The Oregon Territory three-cent stamp issued in 1948 commemorates John McLoughlin, a native of Riviere-du-Loup, Que. and Jason Lee, born in Stanstead, Que., which at the time was considered a part of Vermont. The stamp features a covered wagon pulled by a team of horses or mules flanked on the left by a headshot of McLoughlin and on the right by Lee. The words Oregon Territory Centennial are under the wagon, says U.S. post office spokesman Barry Ziehl.

McLoughlin was an explorer and fur trader, and later a physician, who joined the North West Fur Co., which later merged with the Hudson's Bay Co. In 1824, he was made director of the Hudson's Bay Co., and established a headquarters at Fort Vancouver, now Vancouver, Washington, where he organized new trading posts, kept peace among the Indians and won control of the fur trade on the Pacific coast. Recognizing Oregon's potential, he encouraged settlement of the region by French-Canadian farmers. Eventually he resigned from the Hudson's Bay Company and became an American citizen.

Lee was a Methodist clergyman who was recognized as a pioneering missionary in the Pacific Northwest. He set up the Oregon Mission to establish schools and agriculture near Salem, Oregon and also formed the Oregon Institute, now Willamette University. He later returned to Stanstead, Que. where he died in 1845.

Four-cent stamps released in 1959 in the Silver Centennial issue commemorate the 100-year anniversary of the discovery of silver at Mount Davidson in the Virginia Range, in Nevada. The Canadian involved was Henry T.P. Comstock, who was born in Trenton, Ont., and in 1859 claimed ownership of a vein rich in gold and silver. The find led to the establishment of Virginia City, which is now a ghost town. The lode yielded more than $300 million in gold and silver in the first 20 years and was abandoned in 1898.

The stamp depicts three prospectors near a trough, including Comstock, who laid claim to the land after leaving Canada and working in the fur trade in New Mexico. Comstock, who was nicknamed "old pancake" and is described in one American history book as "a Canadian blowhard," sold his share in the find for $11,000 and later lost his money in a bad investment. Eleven years after striking it rich, he died, either by suicide or at the hands of robbers.

The six-cent Father Marquette stamp was issued in 1968 in honour of Louis Jolliet (spelled Joliet on the U.S. stamp), a French Canadian explorer and Jesuit priest born in Beaupr‚, near Quebec City. The stamp features a canoe with four people in it, one, believed to be Jolliet. He and Marquette sailed the Mississippi River, in mid-July 1673 reaching the mouth of the Arkansas River, far enough south to prove it flowed into the Gulf of Mexico, rather than the Pacific Ocean. Jolliet later explored Labrador and Hudson Bay and was appointed royal hydrographer of New France in 1697.

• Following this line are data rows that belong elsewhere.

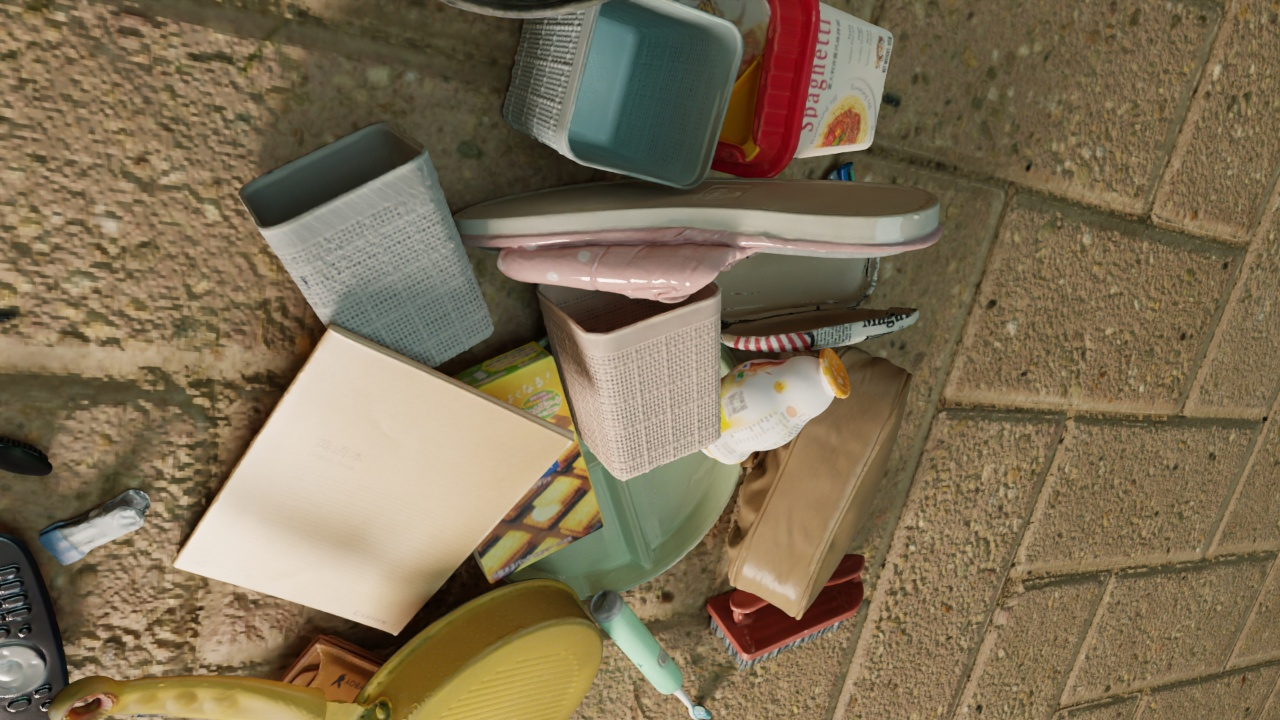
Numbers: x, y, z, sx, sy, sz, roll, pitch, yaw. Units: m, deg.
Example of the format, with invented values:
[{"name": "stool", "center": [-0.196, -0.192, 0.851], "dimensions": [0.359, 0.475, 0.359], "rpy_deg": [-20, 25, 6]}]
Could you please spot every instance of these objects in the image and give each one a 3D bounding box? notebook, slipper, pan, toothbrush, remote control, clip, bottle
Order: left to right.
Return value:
[{"name": "toothbrush", "center": [-0.384, 0.017, 0.441], "dimensions": [0.189, 0.018, 0.014], "rpy_deg": [30, 93, -32]}, {"name": "remote control", "center": [-0.353, 0.150, 0.507], "dimensions": [0.053, 0.024, 0.136], "rpy_deg": [-11, 117, -28]}, {"name": "clip", "center": [-0.304, 0.095, 0.514], "dimensions": [0.057, 0.028, 0.024], "rpy_deg": [-25, 120, -7]}, {"name": "notebook", "center": [-0.159, 0.082, 0.536], "dimensions": [0.149, 0.012, 0.212], "rpy_deg": [27, 121, -28]}, {"name": "pan", "center": [-0.168, 0.215, 0.577], "dimensions": [0.356, 0.078, 0.198], "rpy_deg": [15, 112, -54]}, {"name": "toothbrush", "center": [0.013, 0.248, 0.746], "dimensions": [0.224, 0.027, 0.026], "rpy_deg": [61, 35, -43]}, {"name": "slipper", "center": [0.025, -0.067, 0.513], "dimensions": [0.275, 0.114, 0.054], "rpy_deg": [2, 112, 16]}, {"name": "bottle", "center": [0.088, 0.028, 0.627], "dimensions": [0.109, 0.063, 0.063], "rpy_deg": [-26, 131, 28]}]

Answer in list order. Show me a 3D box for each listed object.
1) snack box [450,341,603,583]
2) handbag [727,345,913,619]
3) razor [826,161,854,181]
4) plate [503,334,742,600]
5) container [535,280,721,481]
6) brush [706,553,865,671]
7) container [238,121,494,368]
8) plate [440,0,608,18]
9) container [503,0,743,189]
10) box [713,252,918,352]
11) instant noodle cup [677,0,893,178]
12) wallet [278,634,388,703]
[{"name": "snack box", "center": [-0.082, 0.067, 0.591], "dimensions": [0.086, 0.034, 0.140], "rpy_deg": [-24, 118, -18]}, {"name": "handbag", "center": [0.133, 0.086, 0.707], "dimensions": [0.204, 0.100, 0.147], "rpy_deg": [-65, 164, 7]}, {"name": "razor", "center": [0.103, -0.099, 0.653], "dimensions": [0.142, 0.022, 0.043], "rpy_deg": [-30, 116, -31]}, {"name": "plate", "center": [-0.022, 0.068, 0.661], "dimensions": [0.229, 0.027, 0.230], "rpy_deg": [-12, 117, -26]}, {"name": "container", "center": [-0.003, 0.003, 0.573], "dimensions": [0.089, 0.090, 0.111], "rpy_deg": [-20, 123, -22]}, {"name": "brush", "center": [0.133, 0.207, 0.788], "dimensions": [0.145, 0.063, 0.069], "rpy_deg": [-12, 129, -27]}, {"name": "container", "center": [-0.144, -0.053, 0.502], "dimensions": [0.090, 0.090, 0.114], "rpy_deg": [-30, 125, -15]}, {"name": "plate", "center": [-0.051, -0.242, 0.454], "dimensions": [0.179, 0.179, 0.024], "rpy_deg": [-41, 168, -9]}, {"name": "container", "center": [-0.016, -0.156, 0.516], "dimensions": [0.089, 0.111, 0.090], "rpy_deg": [7, 106, -31]}, {"name": "box", "center": [0.126, -0.047, 0.662], "dimensions": [0.161, 0.085, 0.075], "rpy_deg": [-8, 118, -30]}, {"name": "instant noodle cup", "center": [0.086, -0.176, 0.573], "dimensions": [0.124, 0.117, 0.116], "rpy_deg": [-9, 115, -39]}, {"name": "wallet", "center": [-0.226, 0.250, 0.622], "dimensions": [0.130, 0.035, 0.119], "rpy_deg": [-50, 132, -3]}]

Vilhjalmur Stefansson, a native of Arnes, Manitoba, appears on the 22-cent Arctic Explorer stamp released in 1986. The stamp features the controversial explorer's photograph, an Arctic scene and a map of the Arctic. The son of Icelanders, he moved with his family to the Dakotas in 1880 and explored the Arctic between 1906 and 1918, covering more than 32,000-square kilometres of the frigid territory. His message was that the Arctic was not bleak and frozen wasteland but a habitable region that must be developed.

Stefansson discovered some of the world's last major land masses, including Lougheed, Borden, Meighen and Brock islands but was dogged by controversy, after making enemies during the Canadian Arctic expedition between 1913 and 1918, and because some of his projects went bust. One such failure was his plan to domesticate reindeer in northern Canada. After the mid-1920s most of his time was spent in the United States where he was regarded as one of the world's foremost arctic experts. He died in Hanover, New Hampshire.

Michael Schreiber, spokesman for Linn's Stamp News, an influential publication based in Sidney, Ohio., says the four stamps are "common commemoratives" valued today at between 25 cents to 50 cents each.